Thursday, March 7, 2013
It has been several days since my last post. In the interim, I have left the comfort of the Bay of Islands and have driven hundreds of miles crisscrossing from the Pacific Coast over to the West Coast along the Tasman Sea to see the giant Kauri trees and gannet colony, then back to the eastern shore again for a dunk at Hot Water Beach . During the long hours of driving, my mind has covered a myriad of topics, mainly have considered everything from family issues to personal goals. I have ruminated about geopolitical circumstances especially the value, or lack of value of my dollars, a circumstance which gripes me every time I buy anything. I have thought of countless mock dialogues with my liberal and conservative friends about world affairs. Also I have spend an inordinate amount of time trying to understand the people I see along the highway, the square-faced Caucasian New Zealanders, the brown-skinned Maoris and, of course, the Chinese, who seem to run every convenience store, take-out joint, and even probably the Jewish delis on the island. Yet, most of all, I look at the geography, the forests, crops, mountains, wildlife, and ocean.
There are drawbacks to all of this floating mind time. My focus on the road loses precision. I have hit the left hand curb hard with my front left wheel much too often and have made deep scratches on the rim and rub marks on the tire. I must be living under a lucky Southern Hemisphere star since I have not had a blow-out. I don't naturally stay to the right enough nor go down the center of the lane. Driving from the right of the car makes me wander while I wonder.
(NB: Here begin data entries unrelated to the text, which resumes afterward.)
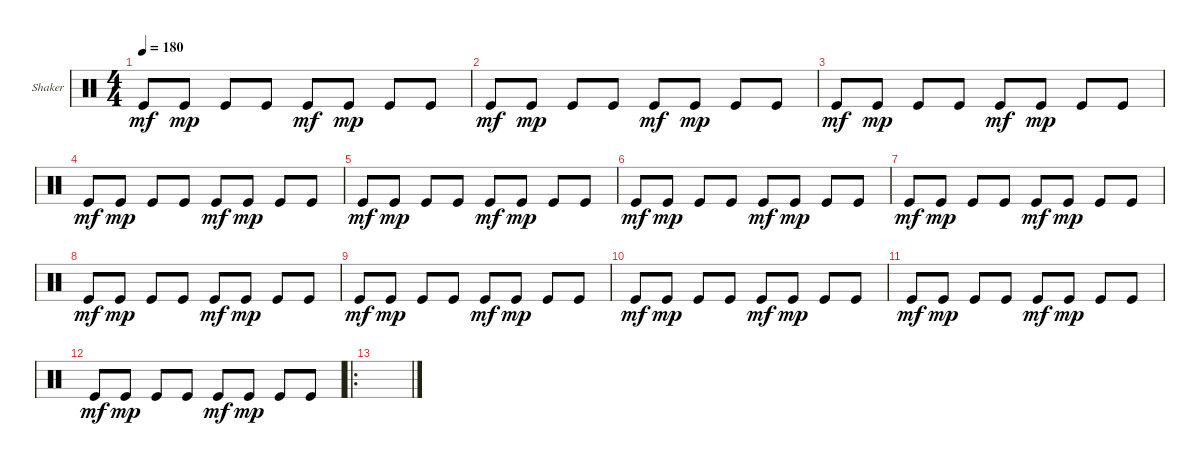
\defaultSystemsLayout 4
\bracketExtendMode groupsimilarinstruments
\firstSystemTrackNameOrientation horizontal
\otherSystemsTrackNameOrientation horizontal
\track ("Shaker" "Shaker") {instrument percussion}
\staff {score}
\articulation defaults
\ts (4 4)
\tempo 180
\clef neutral
\ks c "Kick (hit)".8{dy mf} "Kick (hit)".8{dy mp} "Kick (hit)".8 "Kick (hit)".8 "Kick (hit)".8{dy mf} "Kick (hit)".8{dy mp} "Kick (hit)".8 "Kick (hit)".8
|
"Kick (hit)".8{dy mf} "Kick (hit)".8{dy mp} "Kick (hit)".8 "Kick (hit)".8 "Kick (hit)".8{dy mf} "Kick (hit)".8{dy mp} "Kick (hit)".8 "Kick (hit)".8 |
"Kick (hit)".8{dy mf} "Kick (hit)".8{dy mp} "Kick (hit)".8 "Kick (hit)".8 "Kick (hit)".8{dy mf} "Kick (hit)".8{dy mp} "Kick (hit)".8 "Kick (hit)".8 |
"Kick (hit)".8{dy mf} "Kick (hit)".8{dy mp} "Kick (hit)".8 "Kick (hit)".8 "Kick (hit)".8{dy mf} "Kick (hit)".8{dy mp} "Kick (hit)".8 "Kick (hit)".8 |
"Kick (hit)".8{dy mf} "Kick (hit)".8{dy mp} "Kick (hit)".8 "Kick (hit)".8 "Kick (hit)".8{dy mf} "Kick (hit)".8{dy mp} "Kick (hit)".8 "Kick (hit)".8 |
"Kick (hit)".8{dy mf} "Kick (hit)".8{dy mp} "Kick (hit)".8 "Kick (hit)".8 "Kick (hit)".8{dy mf} "Kick (hit)".8{dy mp} "Kick (hit)".8 "Kick (hit)".8 |
"Kick (hit)".8{dy mf} "Kick (hit)".8{dy mp} "Kick (hit)".8 "Kick (hit)".8 "Kick (hit)".8{dy mf} "Kick (hit)".8{dy mp} "Kick (hit)".8 "Kick (hit)".8 |
"Kick (hit)".8{dy mf} "Kick (hit)".8{dy mp} "Kick (hit)".8 "Kick (hit)".8 "Kick (hit)".8{dy mf} "Kick (hit)".8{dy mp} "Kick (hit)".8 "Kick (hit)".8 |
"Kick (hit)".8{dy mf} "Kick (hit)".8{dy mp} "Kick (hit)".8 "Kick (hit)".8 "Kick (hit)".8{dy mf} "Kick (hit)".8{dy mp} "Kick (hit)".8 "Kick (hit)".8 |
"Kick (hit)".8{dy mf} "Kick (hit)".8{dy mp} "Kick (hit)".8 "Kick (hit)".8 "Kick (hit)".8{dy mf} "Kick (hit)".8{dy mp} "Kick (hit)".8 "Kick (hit)".8 |
"Kick (hit)".8{dy mf} "Kick (hit)".8{dy mp} "Kick (hit)".8 "Kick (hit)".8 "Kick (hit)".8{dy mf} "Kick (hit)".8{dy mp} "Kick (hit)".8 "Kick (hit)".8 |
"Kick (hit)".8{dy mf} "Kick (hit)".8{dy mp} "Kick (hit)".8 "Kick (hit)".8 "Kick (hit)".8{dy mf} "Kick (hit)".8{dy mp} "Kick (hit)".8 "Kick (hit)".8 |
\ro

You most likely would like to hear some conclusions about my ideas on any of the above topics, something pithy, profound, or even salacious truths from the mouth of Rabbi Lee, so to speak. Unfortunately, today does not feel like the time to synthesize my observations of New Zealand into sloppy platitudes. I have places to go and people to see and I'm not sure I'm up to the task of saying anything meaningful besides. I suppose such rolling about doesn't necessarily produce much enlightenment anyway nor does it add to my confusion about life either. It is almost like seeing more makes life less expressible. It reinforces over and over the simple notion I have said before: namely, that are a lot of people out there, more than I can imagine. In addition, it strengthens my belief, that, as with me, people live in a continual struggle for redemption, however conscious, from the expectations of others. Plainly, it is a peculiar trip down a road that looks ever shorter the older you get. Today I have new miles to go. I am off to some fly fishing spots near Rotorua and plan to have some sporty stories to tell.